I find it very difficult to seriously work on a story, essay, or article, before I come up with a title. I may change the title, and I often do several times during the revision, but I can't get typing along at speed until I have a relatively satisfying title on the piece.

I've been aware of this little quirk for a long time. I have wondered if it's because I started out writing on typewriters, since it's inconvenient to go back and add a title to the top of a physical piece of paper if you didn't leave adequate space. I suspect there's a lot more to it than that. If I have a clear enough idea about what I want to write to put a title on it, then it's less likely I'll waste a lot of time revising. There will be some revision, but not as much.

In journalistic circles good headline writing used to be considered a fine art.
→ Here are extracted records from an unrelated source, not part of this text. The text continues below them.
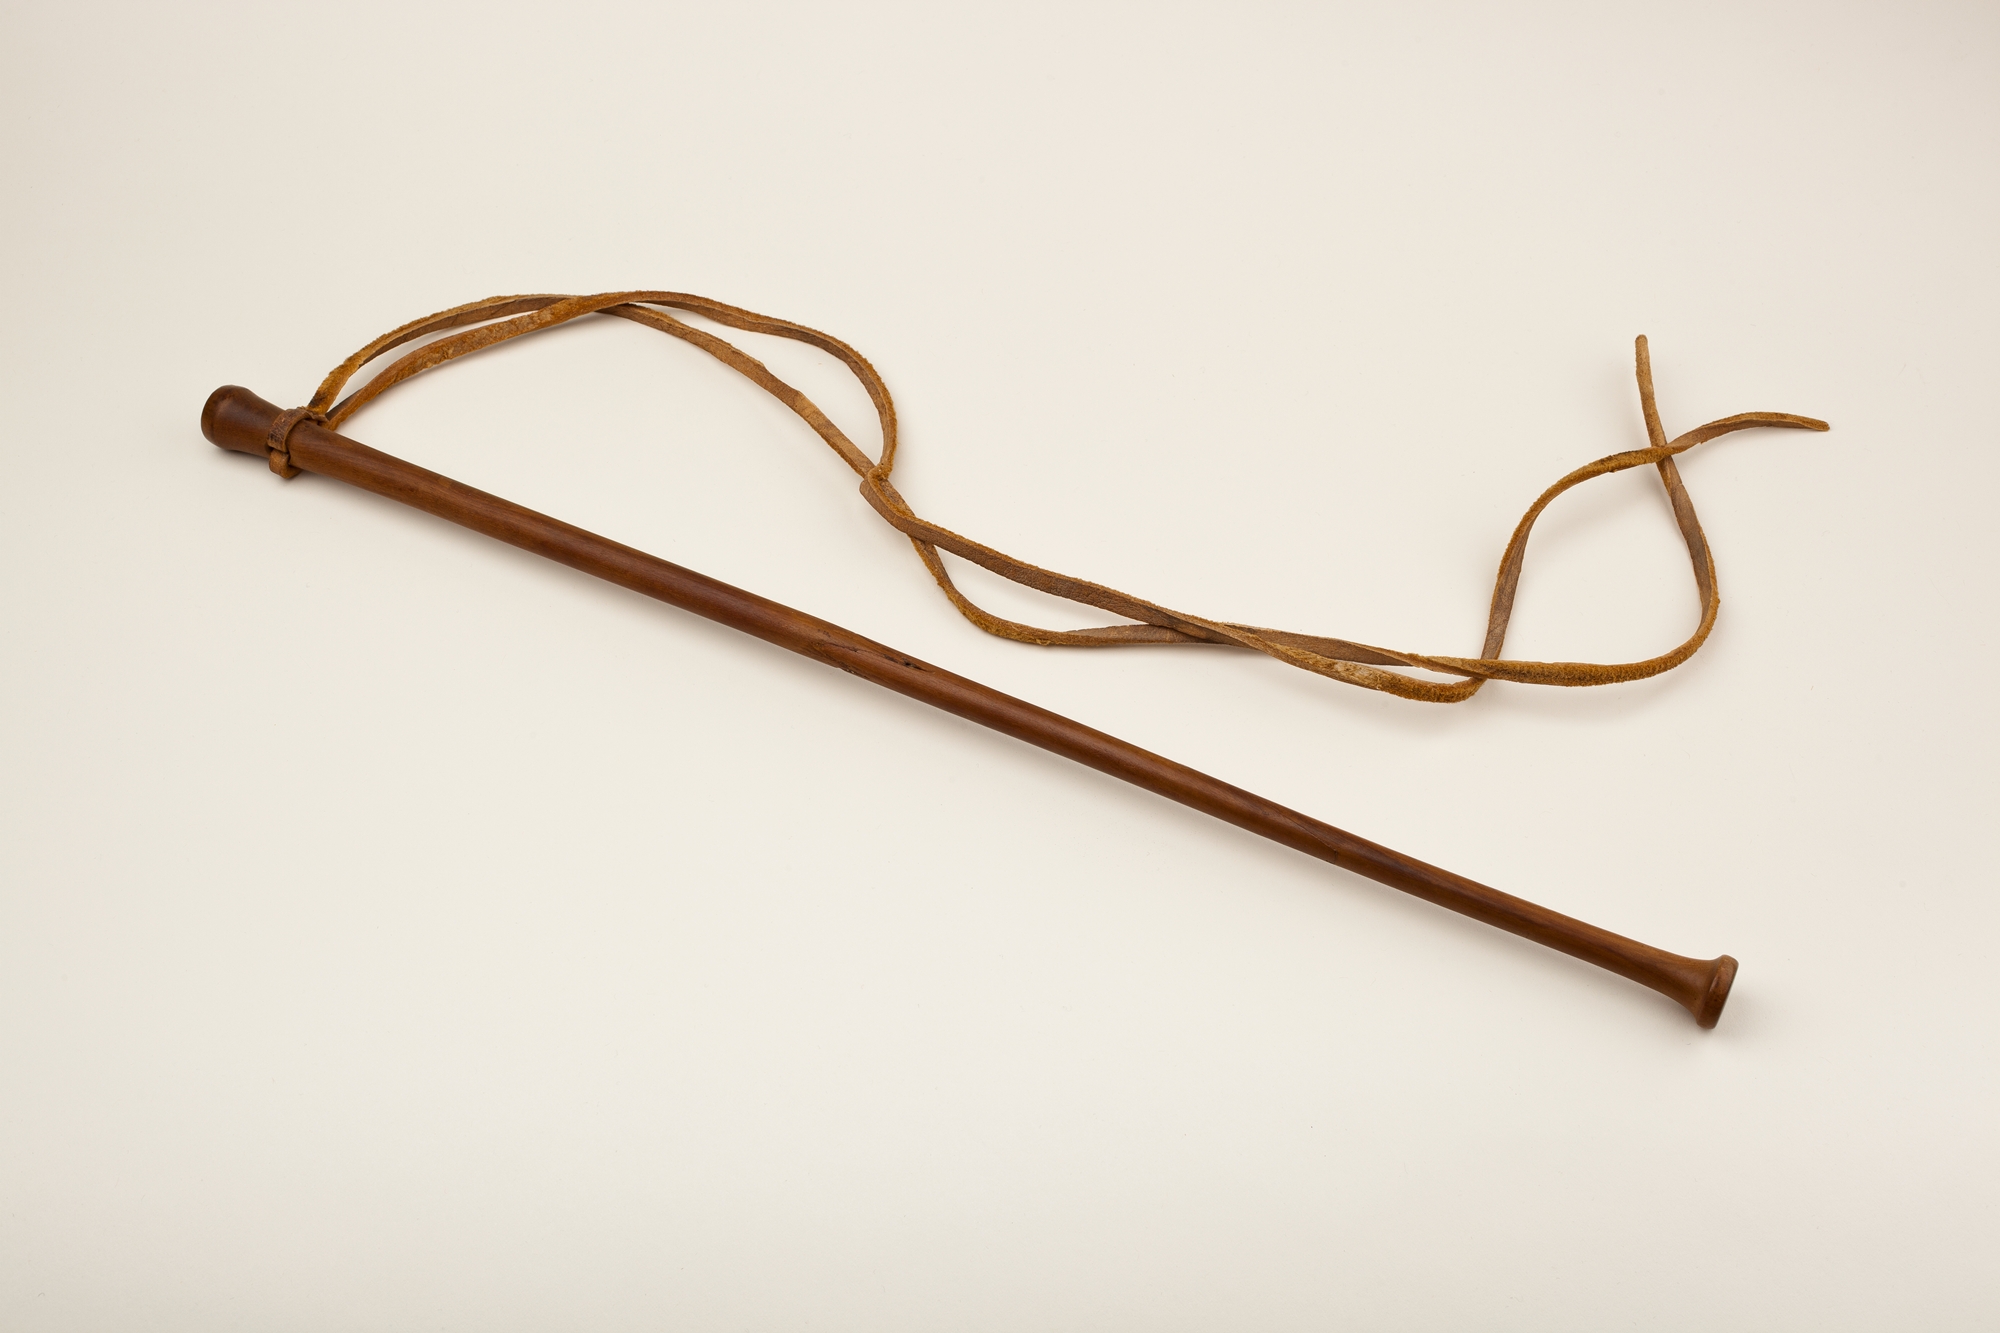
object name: whip, charioteer's, itamun label
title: Charioteer's Whip of Itamun
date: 1070-945 BCE
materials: leather, wood
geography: egypt
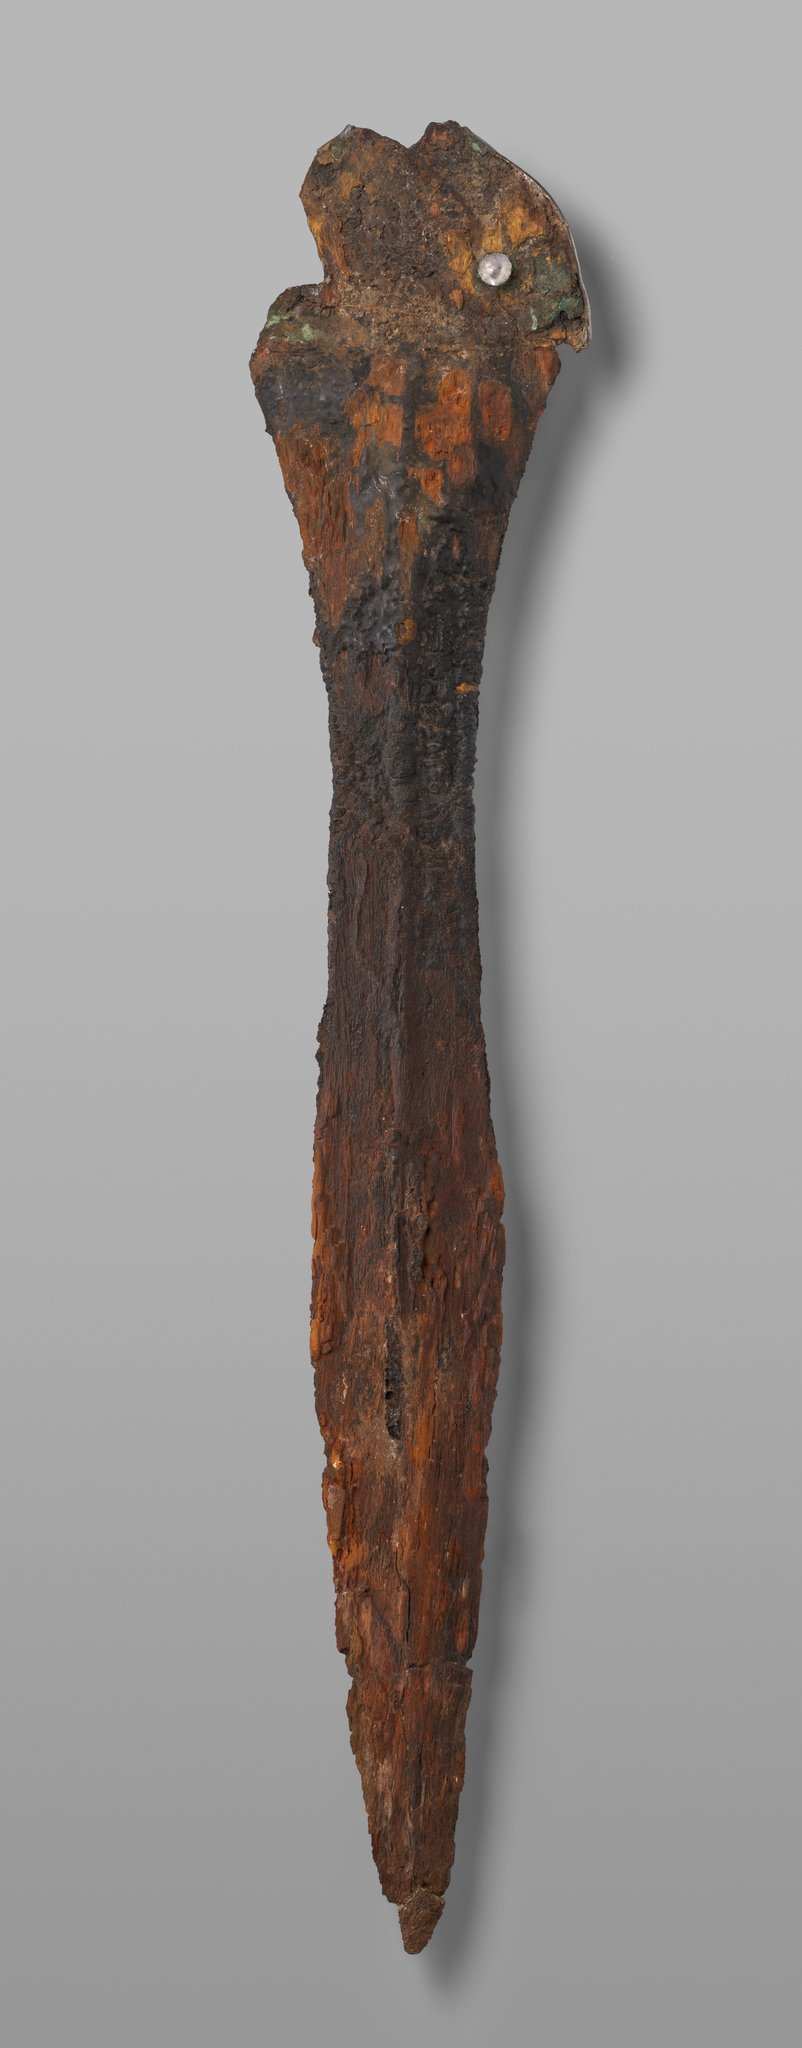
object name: sword
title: Iron, silver, and bronze sword
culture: cypriot
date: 600-501 BCE
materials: bronze, iron, silver
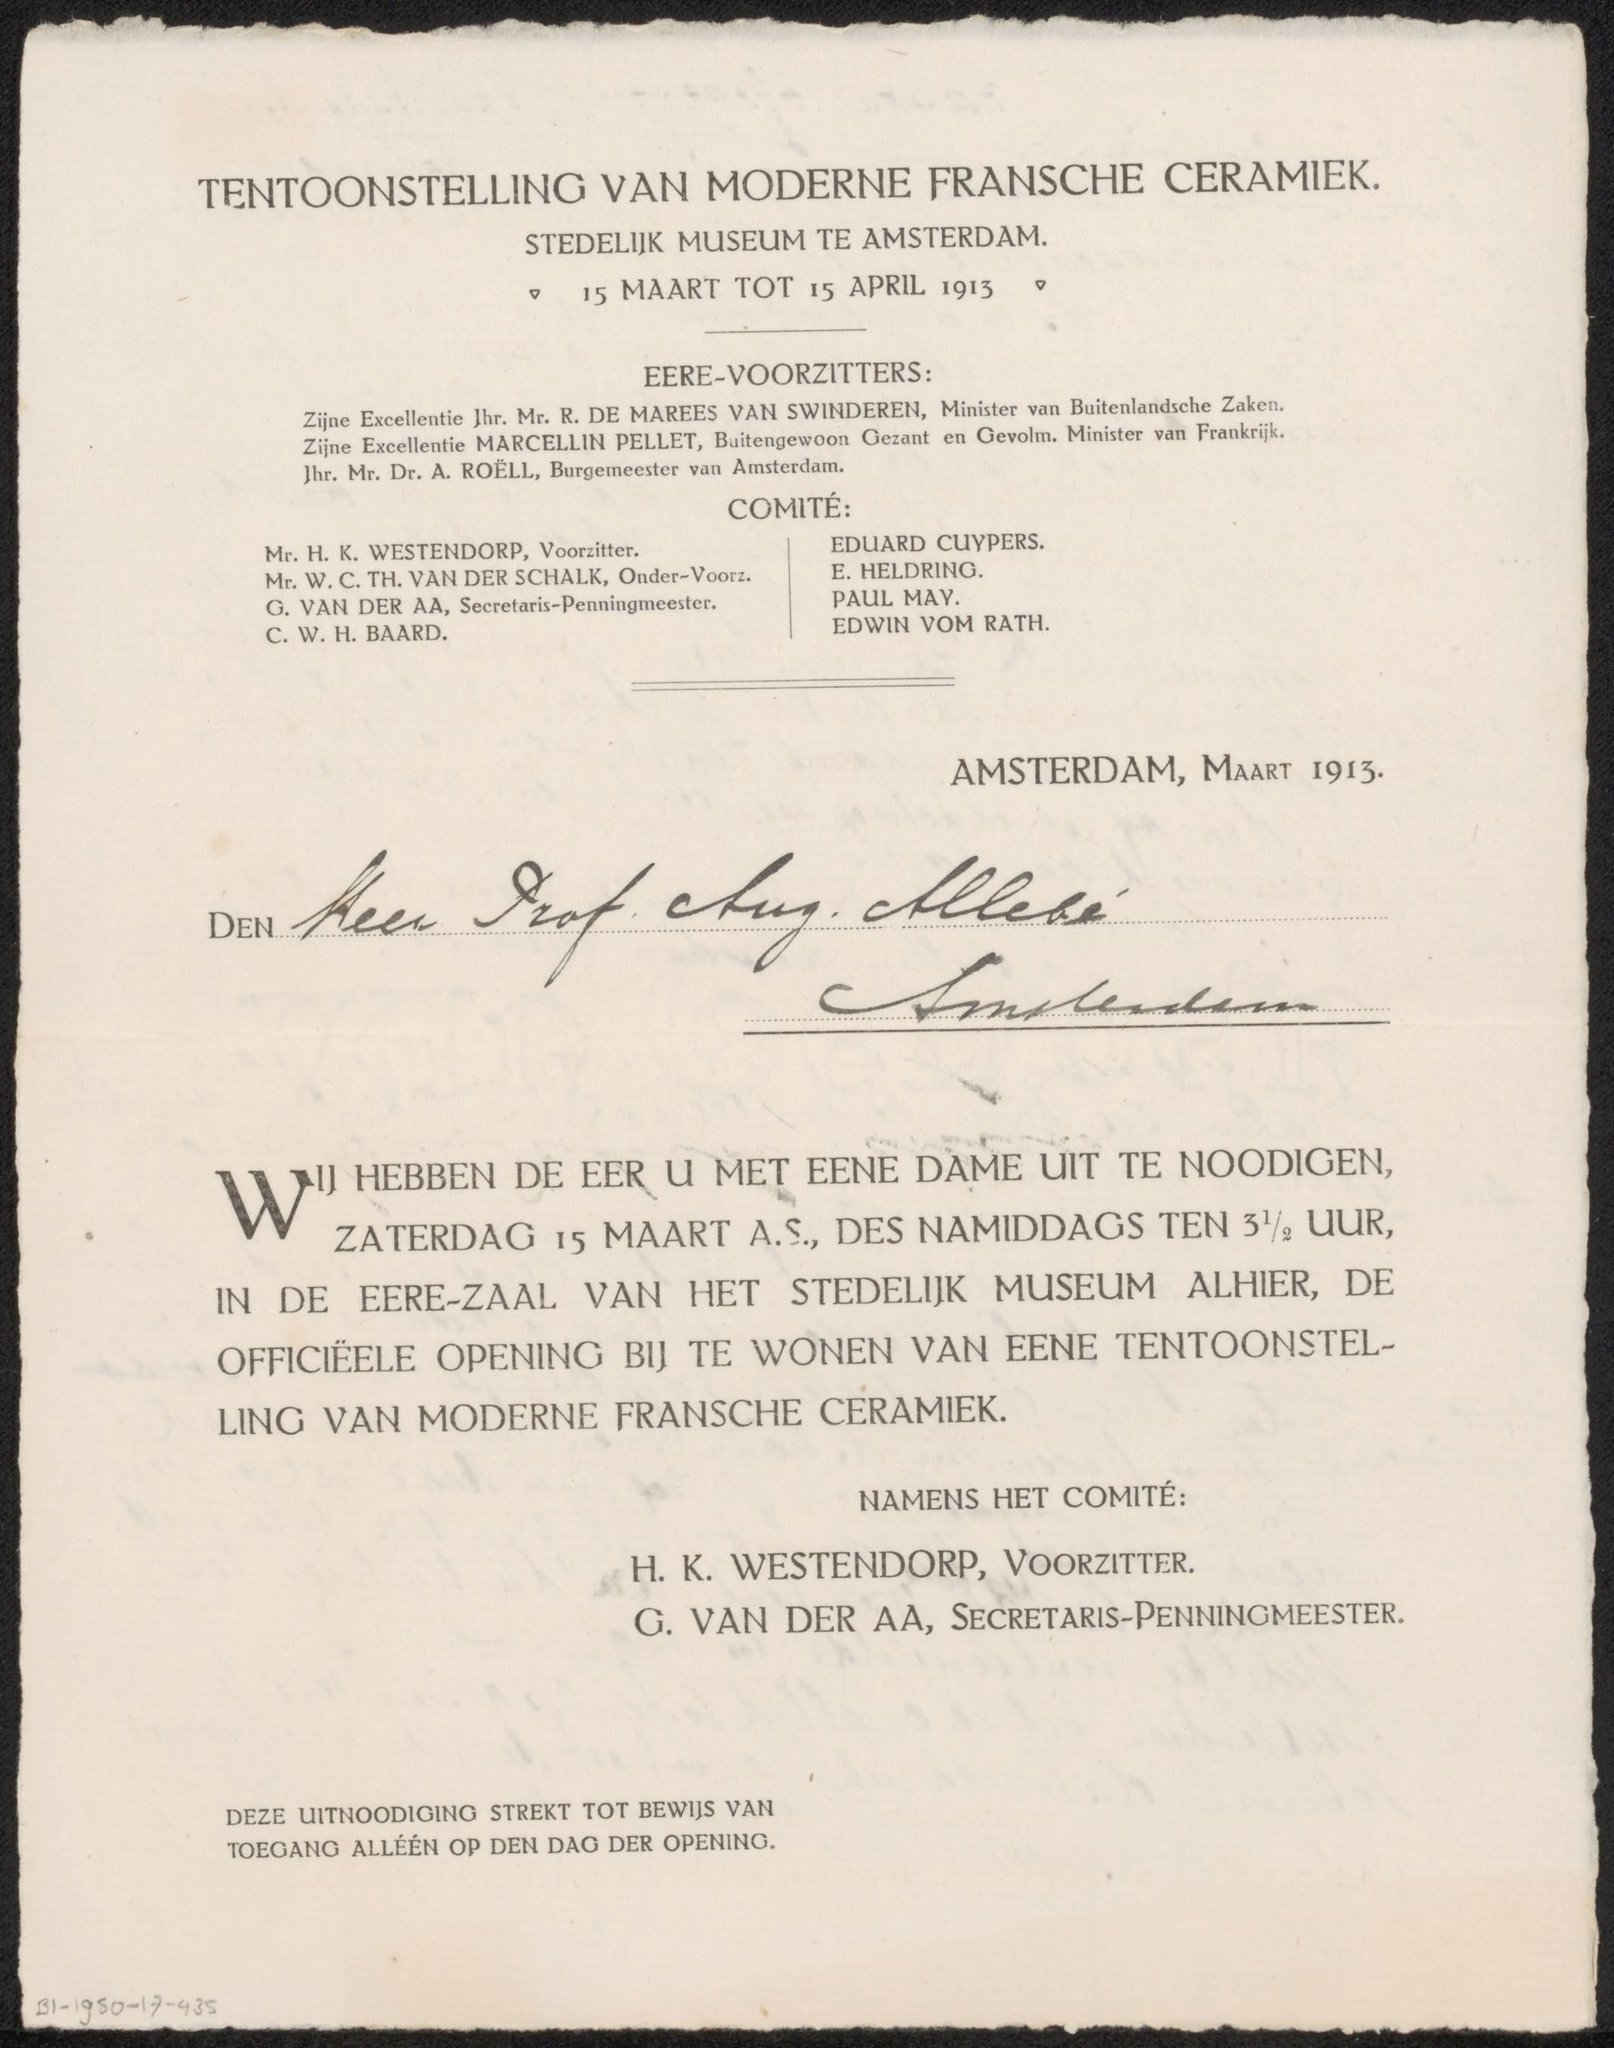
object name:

An editor who could quickly compose headline that not only summed up the store, but very nicely filled the space available, were highly prized. Desktop publishing software began diminishing that value. When you can select a headline and shrink it a point or two--or substitute a condensed or expanded version of the headline font until it fits--being pithy, witty, and possessing a varied vocabulary were no longer as important. The situation has gotten worse as the publishing world has expanded into the world wide web.

Don't get me wrong, my inner Thomas Jefferson is ecstatically turning back-flips over the semi-democraticization of "publishing" that the web enables. More people being able to make their voices heard is, in the long run, in the best interests of us all.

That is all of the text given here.